Paul Gauguin, in a statement provided to Travel Agent, said: "As required by the health protocol in force in French Polynesia, a double test is applied to all foreign passengers boarding The Gauguin: The first days days maximum before the international flight, the second four days after arrival in French Polynesia.

"The first test of the passenger concerned was negative before her departure from the United States. The second test carried out on board, on August 1, as a self-sampling and then transmitted to the Polynesian authorities, was positive.

"As soon as the Polynesian authorities informed the Captain of The Gauguin of the positive result on Sunday, 2nd of August, the vessel immediately turned around and returned to the departure point of the cruise, Papeete. The passenger, an asymptomatic 22-year-old woman, was immediately taken care of by the medical team on board and confined in a special cabin. As a precautionary measure and in accordance with company protocol, all passengers and crew members were also placed in isolation."

The cruise line adds that the ship arrived in Papeete on Sunday 2 at 8 a.m. (local time) and the passenger and her mother, who were traveling together, were disembarked under sanitary corridor and received in a hotel provided for that purpose.

A new test was carried out on the guest, as well as on all persons who had been in contact with her, including both passengers and crew members. The guest received a positive test result but "all other results are negative, which confirms the quality of the health protocols in force on board," said Paul Gauguin Cruises.

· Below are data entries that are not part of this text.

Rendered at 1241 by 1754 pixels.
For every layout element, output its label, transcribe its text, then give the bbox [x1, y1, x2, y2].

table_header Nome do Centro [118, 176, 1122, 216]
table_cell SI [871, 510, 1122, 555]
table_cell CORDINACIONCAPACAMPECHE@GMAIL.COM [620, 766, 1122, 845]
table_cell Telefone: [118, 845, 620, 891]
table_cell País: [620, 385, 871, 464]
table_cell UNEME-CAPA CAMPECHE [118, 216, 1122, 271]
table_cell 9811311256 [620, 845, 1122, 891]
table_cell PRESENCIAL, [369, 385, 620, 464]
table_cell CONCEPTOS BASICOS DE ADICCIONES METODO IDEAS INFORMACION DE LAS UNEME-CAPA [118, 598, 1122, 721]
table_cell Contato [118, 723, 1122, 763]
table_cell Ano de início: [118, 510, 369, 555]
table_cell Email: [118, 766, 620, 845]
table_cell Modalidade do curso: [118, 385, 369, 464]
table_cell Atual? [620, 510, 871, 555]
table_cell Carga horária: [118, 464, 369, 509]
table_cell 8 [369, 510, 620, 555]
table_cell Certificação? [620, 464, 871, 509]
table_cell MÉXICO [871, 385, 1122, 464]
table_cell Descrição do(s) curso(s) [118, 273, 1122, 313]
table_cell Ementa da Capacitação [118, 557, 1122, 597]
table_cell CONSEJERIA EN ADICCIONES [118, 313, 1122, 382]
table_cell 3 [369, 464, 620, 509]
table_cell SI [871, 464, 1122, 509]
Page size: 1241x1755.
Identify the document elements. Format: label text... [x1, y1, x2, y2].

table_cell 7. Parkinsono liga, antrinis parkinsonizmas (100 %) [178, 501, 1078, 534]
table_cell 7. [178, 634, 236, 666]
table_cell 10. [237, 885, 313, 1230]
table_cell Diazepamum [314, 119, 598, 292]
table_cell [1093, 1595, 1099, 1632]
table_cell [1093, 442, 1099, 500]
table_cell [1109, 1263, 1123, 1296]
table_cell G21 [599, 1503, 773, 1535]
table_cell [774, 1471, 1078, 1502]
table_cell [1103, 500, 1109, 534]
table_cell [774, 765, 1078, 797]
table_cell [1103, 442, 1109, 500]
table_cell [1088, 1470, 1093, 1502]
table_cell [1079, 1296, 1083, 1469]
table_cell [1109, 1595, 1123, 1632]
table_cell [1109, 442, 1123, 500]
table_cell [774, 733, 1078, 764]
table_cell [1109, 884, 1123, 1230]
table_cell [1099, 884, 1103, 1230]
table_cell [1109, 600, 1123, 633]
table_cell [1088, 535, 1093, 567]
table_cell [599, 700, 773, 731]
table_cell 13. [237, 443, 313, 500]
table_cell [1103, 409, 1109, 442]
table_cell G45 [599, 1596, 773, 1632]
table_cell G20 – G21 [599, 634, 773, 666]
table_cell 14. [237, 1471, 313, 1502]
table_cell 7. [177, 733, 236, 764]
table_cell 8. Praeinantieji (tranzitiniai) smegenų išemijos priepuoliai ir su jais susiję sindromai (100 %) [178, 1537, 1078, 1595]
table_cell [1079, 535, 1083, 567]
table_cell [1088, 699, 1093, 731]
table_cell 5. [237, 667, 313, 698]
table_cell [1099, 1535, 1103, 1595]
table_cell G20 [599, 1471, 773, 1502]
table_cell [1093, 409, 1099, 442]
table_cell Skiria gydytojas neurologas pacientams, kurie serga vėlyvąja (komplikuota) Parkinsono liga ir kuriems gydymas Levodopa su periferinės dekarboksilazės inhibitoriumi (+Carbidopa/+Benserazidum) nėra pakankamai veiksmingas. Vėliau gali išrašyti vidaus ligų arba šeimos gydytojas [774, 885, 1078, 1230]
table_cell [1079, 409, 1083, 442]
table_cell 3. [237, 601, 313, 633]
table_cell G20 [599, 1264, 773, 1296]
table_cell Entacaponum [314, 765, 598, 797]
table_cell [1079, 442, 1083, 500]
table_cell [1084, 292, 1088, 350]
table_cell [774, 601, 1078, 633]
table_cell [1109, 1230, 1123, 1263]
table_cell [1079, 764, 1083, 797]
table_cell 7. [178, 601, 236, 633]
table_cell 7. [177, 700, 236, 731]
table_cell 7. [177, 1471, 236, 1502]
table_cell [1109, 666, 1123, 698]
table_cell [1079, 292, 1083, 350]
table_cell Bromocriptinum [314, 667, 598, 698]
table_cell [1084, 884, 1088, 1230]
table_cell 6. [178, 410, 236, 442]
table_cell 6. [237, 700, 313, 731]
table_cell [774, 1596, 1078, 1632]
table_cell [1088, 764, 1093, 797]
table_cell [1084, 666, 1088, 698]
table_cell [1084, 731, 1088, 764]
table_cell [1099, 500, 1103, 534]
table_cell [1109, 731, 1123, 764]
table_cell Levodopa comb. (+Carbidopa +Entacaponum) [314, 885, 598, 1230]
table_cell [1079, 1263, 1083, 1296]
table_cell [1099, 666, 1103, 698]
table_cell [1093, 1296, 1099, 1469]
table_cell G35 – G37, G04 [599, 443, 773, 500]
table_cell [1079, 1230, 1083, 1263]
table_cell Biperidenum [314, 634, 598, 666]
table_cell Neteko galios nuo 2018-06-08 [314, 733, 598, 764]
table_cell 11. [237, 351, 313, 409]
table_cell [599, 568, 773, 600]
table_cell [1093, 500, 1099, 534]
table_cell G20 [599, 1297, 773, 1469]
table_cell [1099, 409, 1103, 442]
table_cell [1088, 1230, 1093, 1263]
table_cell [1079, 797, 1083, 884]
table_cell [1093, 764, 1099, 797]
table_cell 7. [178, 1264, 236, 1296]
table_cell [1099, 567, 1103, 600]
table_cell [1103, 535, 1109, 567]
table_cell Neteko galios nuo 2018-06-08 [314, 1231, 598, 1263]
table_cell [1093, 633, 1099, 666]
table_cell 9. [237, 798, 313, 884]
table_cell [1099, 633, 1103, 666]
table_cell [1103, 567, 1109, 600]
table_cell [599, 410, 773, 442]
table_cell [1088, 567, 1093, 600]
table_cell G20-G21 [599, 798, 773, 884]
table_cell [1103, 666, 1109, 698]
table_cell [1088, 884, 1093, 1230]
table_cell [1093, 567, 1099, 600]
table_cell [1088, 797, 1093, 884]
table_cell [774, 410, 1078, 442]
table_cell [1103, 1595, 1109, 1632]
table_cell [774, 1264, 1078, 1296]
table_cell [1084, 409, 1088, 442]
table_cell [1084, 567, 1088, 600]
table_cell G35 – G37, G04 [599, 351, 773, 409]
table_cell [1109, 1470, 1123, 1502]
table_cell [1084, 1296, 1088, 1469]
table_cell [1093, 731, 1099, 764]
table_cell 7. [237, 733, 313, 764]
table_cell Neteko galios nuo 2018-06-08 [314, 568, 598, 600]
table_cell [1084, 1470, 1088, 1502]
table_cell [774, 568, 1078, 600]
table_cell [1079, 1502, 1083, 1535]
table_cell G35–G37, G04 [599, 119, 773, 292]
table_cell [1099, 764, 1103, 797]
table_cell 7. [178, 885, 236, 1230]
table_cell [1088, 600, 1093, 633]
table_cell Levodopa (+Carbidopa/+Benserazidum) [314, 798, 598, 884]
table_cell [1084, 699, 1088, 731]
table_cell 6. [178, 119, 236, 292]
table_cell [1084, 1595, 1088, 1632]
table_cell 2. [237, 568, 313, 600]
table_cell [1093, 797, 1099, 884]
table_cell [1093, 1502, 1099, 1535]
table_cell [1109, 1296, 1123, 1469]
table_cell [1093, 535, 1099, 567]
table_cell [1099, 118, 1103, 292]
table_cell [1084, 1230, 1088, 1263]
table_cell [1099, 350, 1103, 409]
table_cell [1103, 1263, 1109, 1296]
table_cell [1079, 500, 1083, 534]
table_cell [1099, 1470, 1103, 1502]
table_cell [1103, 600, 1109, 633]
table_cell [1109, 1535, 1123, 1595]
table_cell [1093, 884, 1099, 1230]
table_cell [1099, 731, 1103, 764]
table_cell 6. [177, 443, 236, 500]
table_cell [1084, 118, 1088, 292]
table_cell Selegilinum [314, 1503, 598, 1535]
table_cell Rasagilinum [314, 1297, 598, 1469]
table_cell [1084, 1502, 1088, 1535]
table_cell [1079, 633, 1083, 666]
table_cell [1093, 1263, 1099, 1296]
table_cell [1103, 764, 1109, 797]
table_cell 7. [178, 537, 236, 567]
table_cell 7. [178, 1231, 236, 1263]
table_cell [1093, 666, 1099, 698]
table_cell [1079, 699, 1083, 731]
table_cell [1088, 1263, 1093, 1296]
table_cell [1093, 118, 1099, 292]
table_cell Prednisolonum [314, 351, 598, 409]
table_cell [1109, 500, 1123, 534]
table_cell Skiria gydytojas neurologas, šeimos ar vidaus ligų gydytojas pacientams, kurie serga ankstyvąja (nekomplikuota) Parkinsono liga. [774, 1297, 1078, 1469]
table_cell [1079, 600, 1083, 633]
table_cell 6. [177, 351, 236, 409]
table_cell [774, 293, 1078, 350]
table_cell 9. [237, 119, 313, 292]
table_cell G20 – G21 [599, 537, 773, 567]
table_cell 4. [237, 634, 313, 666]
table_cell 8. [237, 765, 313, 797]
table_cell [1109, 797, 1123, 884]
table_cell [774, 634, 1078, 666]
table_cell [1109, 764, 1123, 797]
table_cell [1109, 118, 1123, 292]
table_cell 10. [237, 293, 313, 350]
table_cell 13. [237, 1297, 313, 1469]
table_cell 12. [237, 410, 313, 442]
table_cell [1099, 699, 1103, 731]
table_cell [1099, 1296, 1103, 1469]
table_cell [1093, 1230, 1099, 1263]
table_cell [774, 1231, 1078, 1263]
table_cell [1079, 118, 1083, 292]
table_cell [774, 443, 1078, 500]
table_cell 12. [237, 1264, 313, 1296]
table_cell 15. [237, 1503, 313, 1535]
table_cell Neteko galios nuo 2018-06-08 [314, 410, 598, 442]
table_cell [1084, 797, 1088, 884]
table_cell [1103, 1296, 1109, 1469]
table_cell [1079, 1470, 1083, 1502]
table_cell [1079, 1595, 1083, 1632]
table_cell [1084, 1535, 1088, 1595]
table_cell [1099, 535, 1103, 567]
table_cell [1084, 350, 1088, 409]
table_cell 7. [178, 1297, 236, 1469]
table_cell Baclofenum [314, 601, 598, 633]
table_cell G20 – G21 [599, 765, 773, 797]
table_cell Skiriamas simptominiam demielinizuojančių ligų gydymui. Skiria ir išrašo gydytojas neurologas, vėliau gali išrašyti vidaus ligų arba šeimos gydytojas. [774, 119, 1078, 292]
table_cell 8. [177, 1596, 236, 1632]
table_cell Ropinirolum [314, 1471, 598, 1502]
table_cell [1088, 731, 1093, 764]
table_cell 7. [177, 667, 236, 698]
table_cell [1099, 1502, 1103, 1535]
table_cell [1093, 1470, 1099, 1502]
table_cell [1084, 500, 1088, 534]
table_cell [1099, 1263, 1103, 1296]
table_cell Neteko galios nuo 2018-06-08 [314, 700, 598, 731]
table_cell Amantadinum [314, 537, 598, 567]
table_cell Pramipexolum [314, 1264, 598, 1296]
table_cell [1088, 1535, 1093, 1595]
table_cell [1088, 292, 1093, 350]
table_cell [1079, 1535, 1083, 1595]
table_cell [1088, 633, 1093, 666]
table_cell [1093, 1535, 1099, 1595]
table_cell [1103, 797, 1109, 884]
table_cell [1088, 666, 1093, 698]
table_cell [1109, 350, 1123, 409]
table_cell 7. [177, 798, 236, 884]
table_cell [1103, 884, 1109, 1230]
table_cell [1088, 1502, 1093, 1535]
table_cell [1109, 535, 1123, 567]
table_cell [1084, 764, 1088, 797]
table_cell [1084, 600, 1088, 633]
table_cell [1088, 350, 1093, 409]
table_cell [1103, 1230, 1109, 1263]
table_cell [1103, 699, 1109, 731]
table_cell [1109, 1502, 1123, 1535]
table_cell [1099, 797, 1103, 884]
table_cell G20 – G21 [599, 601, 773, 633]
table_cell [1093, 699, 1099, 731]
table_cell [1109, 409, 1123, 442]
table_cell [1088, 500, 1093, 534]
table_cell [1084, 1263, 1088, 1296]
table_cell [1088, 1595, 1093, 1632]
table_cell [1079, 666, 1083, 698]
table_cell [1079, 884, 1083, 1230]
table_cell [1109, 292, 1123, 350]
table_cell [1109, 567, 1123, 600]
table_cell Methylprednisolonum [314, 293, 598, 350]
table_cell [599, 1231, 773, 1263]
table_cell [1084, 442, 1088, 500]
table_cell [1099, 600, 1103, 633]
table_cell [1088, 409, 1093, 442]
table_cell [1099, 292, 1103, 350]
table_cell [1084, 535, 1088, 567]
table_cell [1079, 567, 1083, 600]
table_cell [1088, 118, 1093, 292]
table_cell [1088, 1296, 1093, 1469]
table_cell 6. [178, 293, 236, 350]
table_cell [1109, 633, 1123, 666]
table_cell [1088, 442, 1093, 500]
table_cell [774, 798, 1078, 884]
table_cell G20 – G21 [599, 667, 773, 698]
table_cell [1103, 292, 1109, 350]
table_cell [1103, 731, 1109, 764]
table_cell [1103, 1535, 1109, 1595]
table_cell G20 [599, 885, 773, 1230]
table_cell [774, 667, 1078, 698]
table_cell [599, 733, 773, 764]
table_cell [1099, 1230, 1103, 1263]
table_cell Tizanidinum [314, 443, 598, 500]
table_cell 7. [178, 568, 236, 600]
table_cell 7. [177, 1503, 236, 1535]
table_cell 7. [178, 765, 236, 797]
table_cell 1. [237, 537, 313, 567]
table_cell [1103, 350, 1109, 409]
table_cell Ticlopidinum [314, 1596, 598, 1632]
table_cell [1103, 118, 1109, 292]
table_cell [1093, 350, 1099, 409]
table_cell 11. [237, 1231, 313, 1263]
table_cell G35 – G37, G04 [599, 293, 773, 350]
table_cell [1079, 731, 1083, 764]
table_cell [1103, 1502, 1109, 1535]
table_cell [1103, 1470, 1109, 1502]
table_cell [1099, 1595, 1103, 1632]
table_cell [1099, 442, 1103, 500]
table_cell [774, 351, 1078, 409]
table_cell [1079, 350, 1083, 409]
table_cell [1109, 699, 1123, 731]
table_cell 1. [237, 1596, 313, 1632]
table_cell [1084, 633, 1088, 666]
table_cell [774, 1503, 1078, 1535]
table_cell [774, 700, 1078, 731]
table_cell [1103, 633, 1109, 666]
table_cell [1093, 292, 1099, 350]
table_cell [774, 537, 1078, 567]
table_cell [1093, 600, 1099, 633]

"The teams will organize the disembarkation under sanitary corridor for all passengers, residing in Polynesia or coming from abroad, in the coming hours," the statement continued. "Crew members will be able to remain in quarantine on board for seven days. All passengers and crew members who have been on board will have to be retested within seven days."

Paul Gauguin cancelled the cruise; all passengers will be contacted by the cruise line regarding the cancellation of the cruise and compensation.